You could almost say Edwin Shen was destined to become a bioengineer. His mother, a medical doctor, practices pathology in Northern California, and his father retired from a career as a mechanical engineer for medical device companies.
“I guess what I do is right in the middle of my parents’ occupations,” he said. “Bioengineering was something my dad recommended I try. I thought research might be something that aligned well with my personality. It turned out to be a perfect fit.”
Shen, from Los Angeles, earned a bachelor’s degree in bioengineering from UC Merced in 2014 just three years after arriving on campus. He pursued a Ph.D. in Biological Engineering and Small-Scale Technologies — now known as the Materials and Biomaterials Engineering Graduate Group.
Professor Kara McCloskey said Shen was a top-performing bioengineering undergraduate student and his outstanding problem-solving and writing skills made him an excellent candidate for the graduate program.
His research in McCloskey’s research laboratory focused on two projects. One was the differentiation of human stem cells into a vascular cell type called a vascular smooth muscle. The second was addressing the lack of complexity and affordability in current bioprinting devices.
For the latter, Shen designed a multi-material bioprinter with novel features that improve resolution and embed hydrogels with concentration gradients of small molecules. He printed fragile induced pluripotent stem cells (iPSC), which are well-known for their propensity to self-assemble into tissue and demonstrate their high viability in long-term printed culture. He guided these iPSC toward vascular smooth muscle fate through fluorescently activated cell sorting and optimized cell culture conditions.

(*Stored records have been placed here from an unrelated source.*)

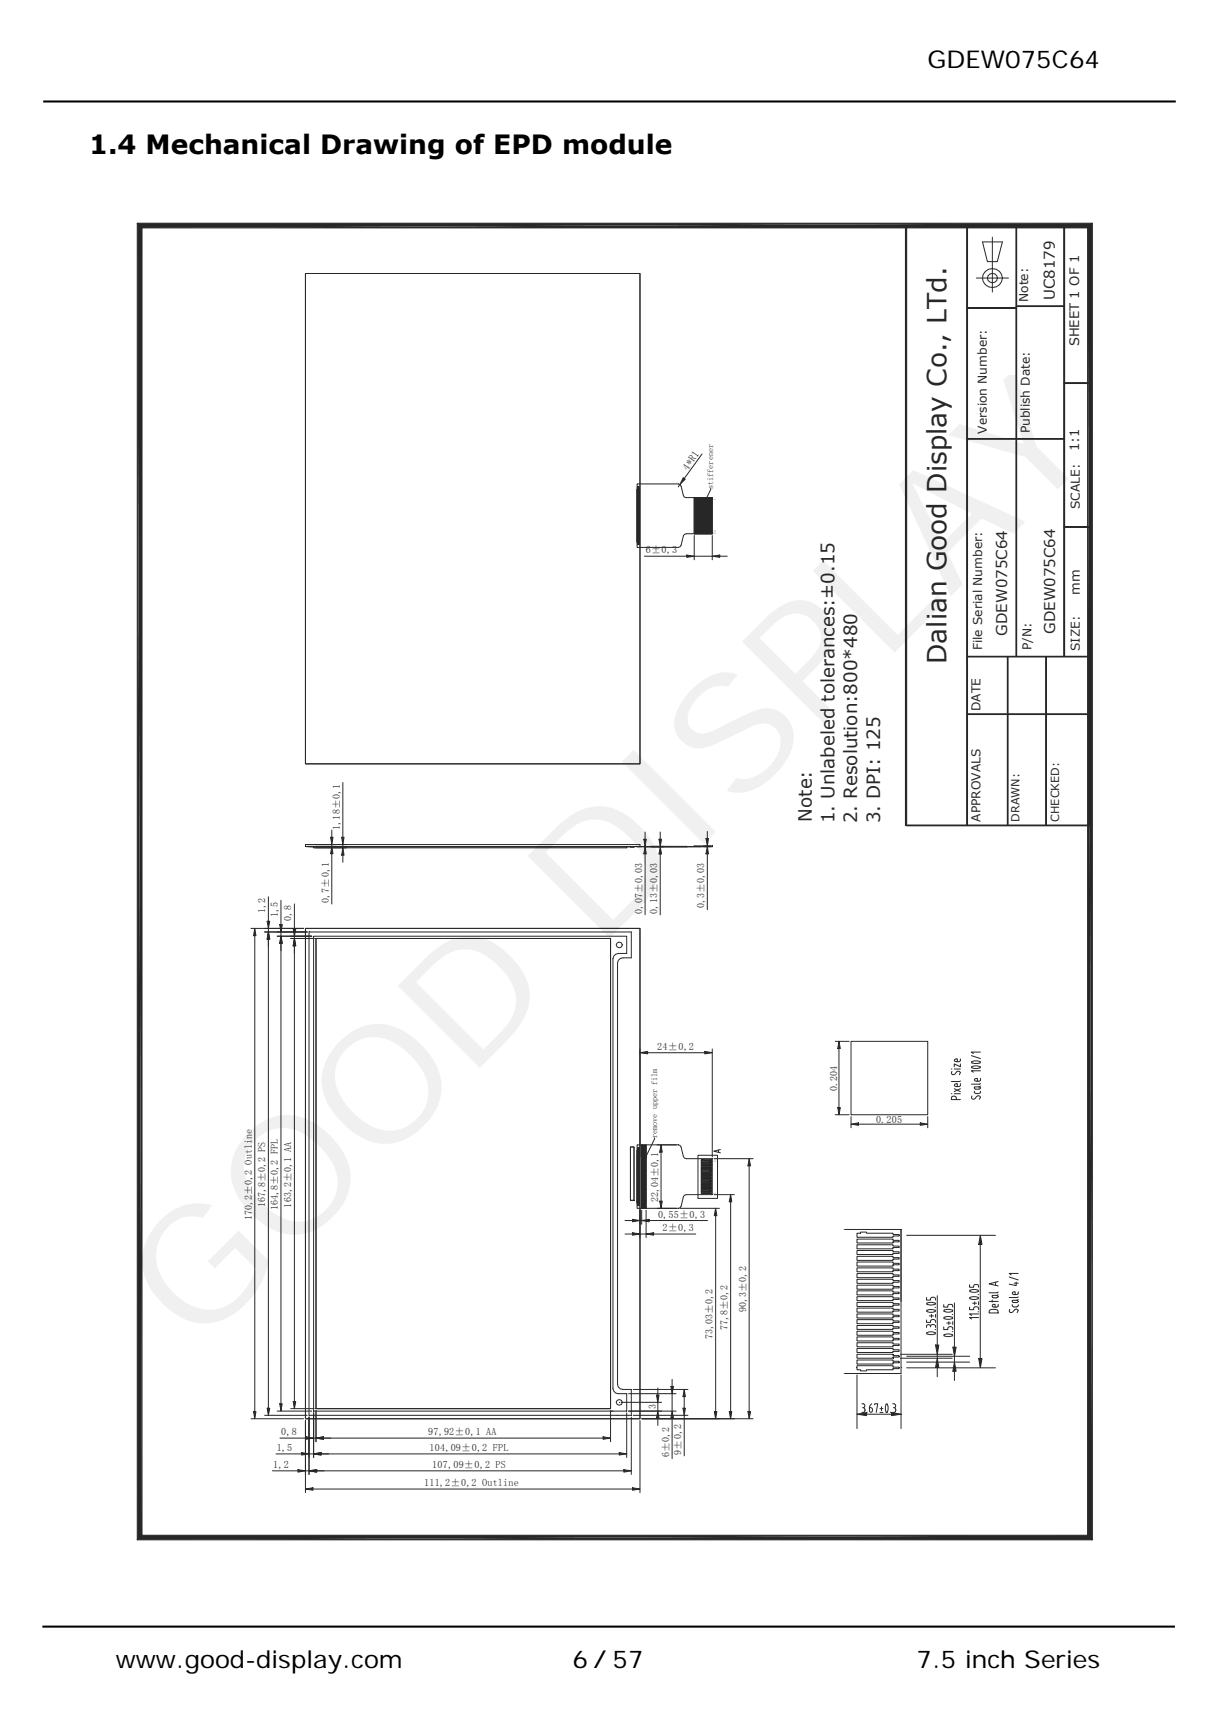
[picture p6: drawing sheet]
<svg xmlns="http://www.w3.org/2000/svg" width="210mm" height="297mm" viewBox="0 0 210 297" stroke-linecap="round" stroke-linejoin="round" font-family="sans-serif">
<defs><g id="words">
<text font-size="28.2" fill="#212830" x="34" y="233.2" transform="rotate(-45 34 233.2)">GOOD DISPLAY</text>
<text font-size="4.6" x="15.4" y="26.6">1.4 Mechanical Drawing of EPD module</text>
<text font-size="4.6" fill="#212830" x="163.5" y="114.7" transform="rotate(-90 163.5 114.7)">Dalian Good Display Co., LTd.</text>
<g font-size="4.2">
<text x="160.2" y="11.8">GDEW075C64</text>
<text x="20" y="288.1">www.good-display.com</text>
<text x="98.9" y="288.1">6／57</text>
<text x="158.3" y="288.1">7.5 inch Series</text>
</g>
<g font-size="3.2" fill="#212830">
<text x="140.2" y="141.9" transform="rotate(-90 140.2 141.9)">Note:</text>
<text x="144.1" y="142.2" transform="rotate(-90 144.1 142.2)">1. Unlabeled tolerances:±0.15</text>
<text x="148.1" y="142.2" transform="rotate(-90 148.1 142.2)">2. Resolution:800*480</text>
<text x="152" y="142.2" transform="rotate(-90 152 142.2)">3. DPI: 125</text>
</g>
<g font-size="2.6" fill="#212830">
<text x="182.2" y="51.8" transform="rotate(-90 182.2 51.8)">UC8179</text>
<text x="173.9" y="109.8" transform="rotate(-90 173.9 109.8)">GDEW075C64</text>
<text x="182.2" y="109.5" transform="rotate(-90 182.2 109.5)">GDEW075C64</text>
</g>
<g font-size="2.3" fill="#212830">
<text x="186.4" y="59.8" transform="rotate(-90 186.4 59.8)">SHEET 1 OF 1</text>
<text x="186.4" y="77.9" transform="rotate(-90 186.4 77.9)">1:1</text>
<text x="186.5" y="102.7" transform="rotate(-90 186.5 102.7)">mm</text>
</g>
<g font-size="2.1" fill="#212830">
<text x="177.6" y="52.1" transform="rotate(-90 177.6 52.1)">Note:</text>
<text x="170.4" y="74.9" transform="rotate(-90 170.4 74.9)">Version Number:</text>
<text x="177.9" y="74.8" transform="rotate(-90 177.9 74.8)">Publish Date:</text>
<text x="186.5" y="87.9" transform="rotate(-90 186.5 87.9)">SCALE:</text>
<text x="169.6" y="112.3" transform="rotate(-90 169.6 112.3)">File Serial Number:</text>
<text x="178.1" y="112.3" transform="rotate(-90 178.1 112.3)">P/N:</text>
<text x="186.5" y="112.4" transform="rotate(-90 186.5 112.4)">SIZE:</text>
<text x="169.3" y="122.8" transform="rotate(-90 169.3 122.8)">DATE</text>
<text x="169.4" y="141.9" transform="rotate(-90 169.4 141.9)">APPROVALS</text>
</g>
<g font-size="1.9" fill="#212830">
<text x="176.1" y="141.9" transform="rotate(-90 176.1 141.9)">DRAWN:</text>
<text x="182.9" y="141.9" transform="rotate(-90 182.9 141.9)">CHECKED:</text>
</g>
<text font-size="1.8" fill="#212830" x="118.8" y="81.2" transform="rotate(-54 118.8 81.2)">4*R1</text>
<g font-size="1.7" fill="#212830">
<text x="111.5" y="95.6">6±0,3</text>
<text x="58.7" y="143.3" transform="rotate(-90 58.7 143.3)">1,18±0,1</text>
<text x="56.8" y="155.9" transform="rotate(-90 56.8 155.9)">0,7±0,1</text>
<text x="45.8" y="157.7" transform="rotate(-90 45.8 157.7)">1,2</text>
<text x="48" y="158.3" transform="rotate(-90 48 158.3)">1,5</text>
<text x="50.3" y="159" transform="rotate(-90 50.3 159)">0,8</text>
<text x="110.9" y="157.8" transform="rotate(-90 110.9 157.8)">0,07±0,03</text>
<text x="113.5" y="157.8" transform="rotate(-90 113.5 157.8)">0,13±0,03</text>
<text x="121.6" y="156.9" transform="rotate(-90 121.6 156.9)">0,3±0,03</text>
<text x="113.5" y="181.3">24±0,2</text>
<text x="144.6" y="188.4" transform="rotate(-90 144.6 188.4)">0.204</text>
<text x="151.3" y="193.8">0.205</text>
<text x="45.8" y="208.5" transform="rotate(-90 45.8 208.5)">167,8±0,2 PS</text>
<text x="48" y="208.9" transform="rotate(-90 48 208.9)">164,8±0,2 FPL</text>
<text x="50.3" y="208.5" transform="rotate(-90 50.3 208.5)">163,2±0,1 AA</text>
<text x="113.6" y="207.6" transform="rotate(-90 113.6 207.6)">22,04±0,1</text>
<text x="43.5" y="210.7" transform="rotate(-90 43.5 210.7)">170,2±0,2 Outline</text>
<text x="113.6" y="210.3">0,55±0,3</text>
<text x="114.4" y="212.6">2±0,3</text>
<text x="128.9" y="226.5" transform="rotate(-90 128.9 226.5)">90,3±0,2</text>
<text x="123.1" y="231.3" transform="rotate(-90 123.1 231.3)">73,03±0,2</text>
<text x="125.7" y="229.6" transform="rotate(-90 125.7 229.6)">77,8±0,2</text>
<text x="113.3" y="243.4" transform="rotate(-90 113.3 243.4)">3</text>
<text x="47.8" y="250.6">1,5</text>
<text x="48.6" y="247.9">0,8</text>
<text x="74" y="247.9">97,92±0,1 AA</text>
<text x="74.2" y="250.6">104,09±0,2 FPL</text>
<text x="115.6" y="251.7" transform="rotate(-90 115.6 251.7)">6±0,2</text>
<text x="117.6" y="251.2" transform="rotate(-90 117.6 251.2)">9±0,2</text>
<text x="47.2" y="253.5">1,2</text>
<text x="73.3" y="256.6">111,2±0,2 Outline</text>
<text x="74.7" y="253.5">107,09±0,2 PS</text>
</g>
<g font-size="1.4" fill="#212830">
<text x="123.2" y="84.4" transform="rotate(-90 123.2 84.4)">stifferener</text>
<text x="113.5" y="196.5" transform="rotate(-90 113.5 196.5)">remove upper film</text>
</g>
<g font-size=".6" fill="#f00">
<text x="123.6" y="86.3" transform="rotate(-90 123.6 86.3)">1</text>
<text x="123.7" y="92.2" transform="rotate(-90 123.7 92.2)">24</text>
<text x="123.7" y="200.6" transform="rotate(-90 123.7 200.6)">24</text>
<text x="123.6" y="206.2" transform="rotate(-90 123.6 206.2)">1</text>
</g>
</g></defs>
<path d="M52.8 145.8h57.7M52.8 146.2h57.7M54.2 146.3h54M54.2 146.4h54M50.8 163.3v78.7M50.2 243.2h4.1" fill="none" stroke="#212830" stroke-width=".17"/>
<path d="M50.6 242h.5l-.3 1.2z" fill="#212830"/>
<path d="M48.5 162.9v79.5M47.9 243.7h5.9M50.6 242h.5l-.3 1.2z" fill="none" stroke="#212830" stroke-width=".17"/>
<path d="M48.3 242.4h.4l-.2 1.3z" fill="#212830"/>
<path d="M48.3 242.4h.4l-.2 1.3z" fill="none" stroke="#212830" stroke-width=".17"/>
<path d="M46.3 162.2v81M45.7 244.4h7.3" fill="none" stroke="#212830" stroke-width=".17"/>
<path d="M46.1 243.2h.5l-.3 1.2z" fill="#212830"/>
<path d="M44 161.6v82.1M43.4 245h9M46.1 243.2h.5l-.3 1.2z" fill="none" stroke="#212830" stroke-width=".17"/>
<path d="M43.8 243.7h.4l-.2 1.3z" fill="#212830"/>
<path d="M43.8 243.7h.4l-.2 1.3z" fill="none" stroke="#212830" stroke-width=".17"/>
<path d="M148 237.4v9.3M155.6 237.4v9.3M149.7 244.2h4.3" fill="none" stroke="#212830" stroke-width=".17"/>
<path d="M148 244.2l1.7-.3v.6z" fill="#212830"/>
<path d="M148 244.2l1.7-.3v.6z" fill="none" stroke="#212830" stroke-width=".17"/>
<path d="M154 243.9l1.6 .3-1.6 .3z" fill="#212830"/>
<path d="M154 243.9l1.6 .3-1.6 .3z" fill="none" stroke="#212830" stroke-width=".17"/>
<g fill="none" stroke="#212830" stroke-width=".17">
<path d="M129.4 201.3v42.4M106.6 241.8l.3-.1 .4 .1 .2 .3-.2 .4-.4 .2-.3-.2-.2-.4zM110.8 245h19.3M148.9 242.4l.4 .1 .1 .2-.1 .3-.2 .1M149 243.1h.1M149.1 243.1a.44 .44 0 0 1 .3 .4 .44 .44 0 0 1-.3 .4h-.2M149.8 243.8v.1M150.5 242.4a1.21 1.21 0 0 0-.3 1.4l.2 .1a.44 .44 0 0 0 .3-.4 .44 .44 0 0 0-.3-.4h-.3M151.1 242.6v-.2h.5l-.3 1.5M152 243.9h.5M152 243.2h.5M152.2 242.9v.7"/>
<path d="M153 242.5l.1-.1a1.25 1.25 0 0 1 0 1.5 1.39 1.39 0 0 1-.1-1.4zM153.8 243.8v.1M154.2 242.4l.4 .1 .1 .2-.1 .3-.2 .1M154.3 243.1h.1M154.4 243.1a.44 .44 0 0 1 .3 .4 .44 .44 0 0 1-.3 .4h-.2"/>
</g>
<path d="M129.2 243.7h.4l-.2 1.3z" fill="#212830"/>
<path d="M129.2 243.7h.4l-.2 1.3z" fill="none" stroke="#212830" stroke-width=".17"/>
<g fill="#212830">
<path d="M23.7 38.5l.8 .9v225.7z"/>
<path d="M23.7 38.5l.8 226.6-.8 .8z"/>
</g>
<path d="M23.7 38.5l.8 .9v225.7l-.8 .8z" fill="none" stroke="#212830" stroke-width=".17"/>
<g fill="#212830">
<path d="M23.7 265.9l.8-.8h163.3z"/>
<path d="M23.7 265.9l164.1-.8 .9 .8z"/>
</g>
<path d="M23.7 265.9l.8-.8h163.3l.9 .8z" fill="none" stroke="#212830" stroke-width=".17"/>
<g fill="#212830">
<path d="M187.8 39.4l.9 226.5-.9-.8z"/>
<path d="M187.8 39.4l.9-.9v227.4z"/>
</g>
<path d="M187.8 39.4l.9-.9v227.4l-.9-.8z" fill="none" stroke="#212830" stroke-width=".17"/>
<g fill="#212830">
<path d="M24.5 39.4l164.2-.9-.9 .9z"/>
<path d="M23.7 38.5h165l-164.2 .9z"/>
</g>
<g fill="none" stroke="#212830" stroke-width=".17">
<path d="M23.7 38.5h165l-.9 .9h-163.3zM156.4 38.9l.1 .1v103.5h-.1zM156.4 38.9v103.6M156.6 39h31.6v103.5h-31.6zM160.6 38.9h27.7l-.1 .1h-27.4zM160.6 39h27.7M167 39h.1v103.5h-.1zM167 39v103.5M175.5 39h.1v74.4h-.1zM175.5 39v74.4M183.7 39h.2v74.4h-.2zM183.8 39v74.4"/>
<path d="M188.2 38.9v103.7M188.3 38.9v103.7l-.1-.1v-103.5zM167 53.1h8.5v.1h-8.5zM167 53.2h8.5M168.6 48h5.6M169.7 41.8h3.4l-.9 3.4h-1.7zM171.4 41v9.4M175.5 52.8h8.3v.1h-8.3zM183.8 52.9h-8.3"/>
<circle cx="171.4" cy="48" r=".83"/>
<circle cx="171.4" cy="48" r="1.69"/>
</g>
<path d="M52.8 160.3h57.7v84.7h-57.7zM54.6 162.1h50.8v81.1h-50.8z" fill="none" stroke="#212830" stroke-width=".17"/>
<path d="M52.8 160.3h57.7v84.7h-57.7zM54.6 162.1h50.8v81.1h-50.8zM105.9 165.5v74.3M106.6 166.3v72.7M106.8 164.6h1.4v-2.9h-54v82h51.7M109 160.9h-55.6v83.5h55.6v-4.5M108.2 240.7v3h-2.8" fill="none" stroke="#212830" stroke-width=".17"/>
<path d="M52.8 47.2h57.7v84.7h-57.7z" fill="none" stroke="#212830" stroke-width=".17"/>
<path d="M52.8 47.2h57.7v84.7h-57.7zM54.6 243.6v5.3M55.9 248.3h48.3M105.4 243.6v5.3" fill="none" stroke="#212830" stroke-width=".17"/>
<path d="M54.6 248.3l1.3-.2v.4z" fill="#212830"/>
<path d="M54.6 248.3l1.3-.2v.4z" fill="none" stroke="#212830" stroke-width=".17"/>
<path d="M104.2 248.1l1.2 .2-1.2 .2z" fill="#212830"/>
<path d="M54.2 244v7.7M55.5 251.1h51.4M104.2 248.1l1.2 .2-1.2 .2zM108.2 244v7.7" fill="none" stroke="#212830" stroke-width=".17"/>
<path d="M106.9 250.8l1.3 .3-1.3 .2z" fill="#212830"/>
<path d="M106.9 250.8l1.3 .3-1.3 .2z" fill="none" stroke="#212830" stroke-width=".17"/>
<path d="M54.2 251.1l1.3-.3v.5z" fill="#212830"/>
<path d="M53.4 244.7v9.9M54.2 251.1l1.3-.3v.5zM54.7 254h53M109 244.7v9.9" fill="none" stroke="#212830" stroke-width=".17"/>
<path d="M53.4 254l1.3-.2v.4z" fill="#212830"/>
<path d="M53.4 254l1.3-.2v.4z" fill="none" stroke="#212830" stroke-width=".17"/>
<path d="M107.7 253.8l1.3 .2-1.3 .2z" fill="#212830"/>
<path d="M52.8 245.3v12.4M54 257.1h55.2M107.7 253.8l1.3 .2-1.3 .2zM110.5 245.3v12.4" fill="none" stroke="#212830" stroke-width=".17"/>
<path d="M109.2 256.9l1.3 .2-1.3 .2z" fill="#212830"/>
<path d="M109.2 256.9l1.3 .2-1.3 .2z" fill="none" stroke="#212830" stroke-width=".17"/>
<path d="M52.8 257.1l1.2-.2v.4z" fill="#212830"/>
<path d="M48.3 248.3h4.6M52.8 257.1l1.2-.2v.4zM54.2 244v4.9M54.2 248.3h.4M54.6 243.6v5.3M55.9 248.3h1.3" fill="none" stroke="#212830" stroke-width=".17"/>
<path d="M54.6 248.3l1.3-.2v.4z" fill="#212830"/>
<path d="M54.6 248.3l1.3-.2v.4z" fill="none" stroke="#212830" stroke-width=".17"/>
<path d="M52.9 248.1l1.3 .2-1.3 .2z" fill="#212830"/>
<path d="M47.7 251.1h4.4M52.9 248.1l1.3 .2-1.3 .2zM53.4 244.7v7M53.4 251.1h.8M54.2 244v7.7M55.5 251.1h1.2" fill="none" stroke="#212830" stroke-width=".17"/>
<path d="M54.2 251.1l1.3-.3v.5z" fill="#212830"/>
<path d="M54.2 251.1l1.3-.3v.5z" fill="none" stroke="#212830" stroke-width=".17"/>
<path d="M52.1 250.8l1.3 .3-1.3 .2z" fill="#212830"/>
<path d="M47.1 254h4.4M52.1 250.8l1.3 .3-1.3 .2zM52.8 245.3v9.3M52.8 254h.6M53.4 244.7v9.9M54.7 254h1.3" fill="none" stroke="#212830" stroke-width=".17"/>
<path d="M53.4 254l1.3-.2v.4z" fill="#212830"/>
<path d="M53.4 254l1.3-.2v.4z" fill="none" stroke="#212830" stroke-width=".17"/>
<path d="M51.5 253.8l1.3 .2-1.3 .2z" fill="#212830"/>
<path d="M51.5 253.8l1.3 .2-1.3 .2zM108.6 243.7h5.7M113.6 242.1v1.6M113.6 244.9v1.2" fill="none" stroke="#212830" stroke-width=".17"/>
<path d="M113.6 243.7l.2 1.2h-.4z" fill="#212830"/>
<path d="M113.6 243.7l.2 1.2h-.4z" fill="none" stroke="#212830" stroke-width=".17"/>
<path d="M108.6 243.7h8.2M116.1 240.7v3M116.1 244.9v7" fill="none" stroke="#212830" stroke-width=".17"/>
<path d="M116.1 243.7l.2 1.2h-.4z" fill="#212830"/>
<path d="M109.4 244.4h9.4M116.1 243.7l.2 1.2h-.4zM118.2 241.2v2M118.2 244.4v7" fill="none" stroke="#212830" stroke-width=".17"/>
<path d="M118 243.2h.4l-.2 1.2z" fill="#212830"/>
<path d="M123.6 209.9v33.8M110.8 245h13.4M118 243.2h.4l-.2 1.2z" fill="none" stroke="#212830" stroke-width=".17"/>
<path d="M123.4 243.7h.4l-.2 1.3z" fill="#212830"/>
<path d="M123.4 243.7h.4l-.2 1.3z" fill="none" stroke="#212830" stroke-width=".17"/>
<path d="M126.2 207.5v36.2M110.8 245h16" fill="none" stroke="#212830" stroke-width=".17"/>
<path d="M125.9 243.7h.5l-.2 1.3z" fill="#212830"/>
<path d="M125.9 243.7h.5l-.2 1.3z" fill="none" stroke="#212830" stroke-width=".17"/>
<path d="M7.5 17.5h195.6M7.3 280.9h195.6" fill="none" stroke="#000" stroke-width=".35"/>
<use href="#words"/>
</svg>

As a graduate student, Shen was awarded a National Science Foundation’s Innovation Corps (I-Corp) grant with McCloskey, fellow UC Merced graduate student, and now alumna, Rachel Hatano, and Elliot Botvinick from UC Irvine to investigate the commercialization potential of the bioprinter he developed. The grant provided them with funds for an immersive, entrepreneurial training program that facilitates customer discovery to see if the product is viable for industry.
“We went through the program and got entrepreneurship training, but ultimately it felt like industry was not ready for what our product could offer. They wanted us to modify the system for reproducible cell culture plating — something much simpler,” he said. “Building my own bioprinter got me acclimated to programming and hardware machinery. A lot of the process development I do now deals with things like automation and troubleshooting machines.”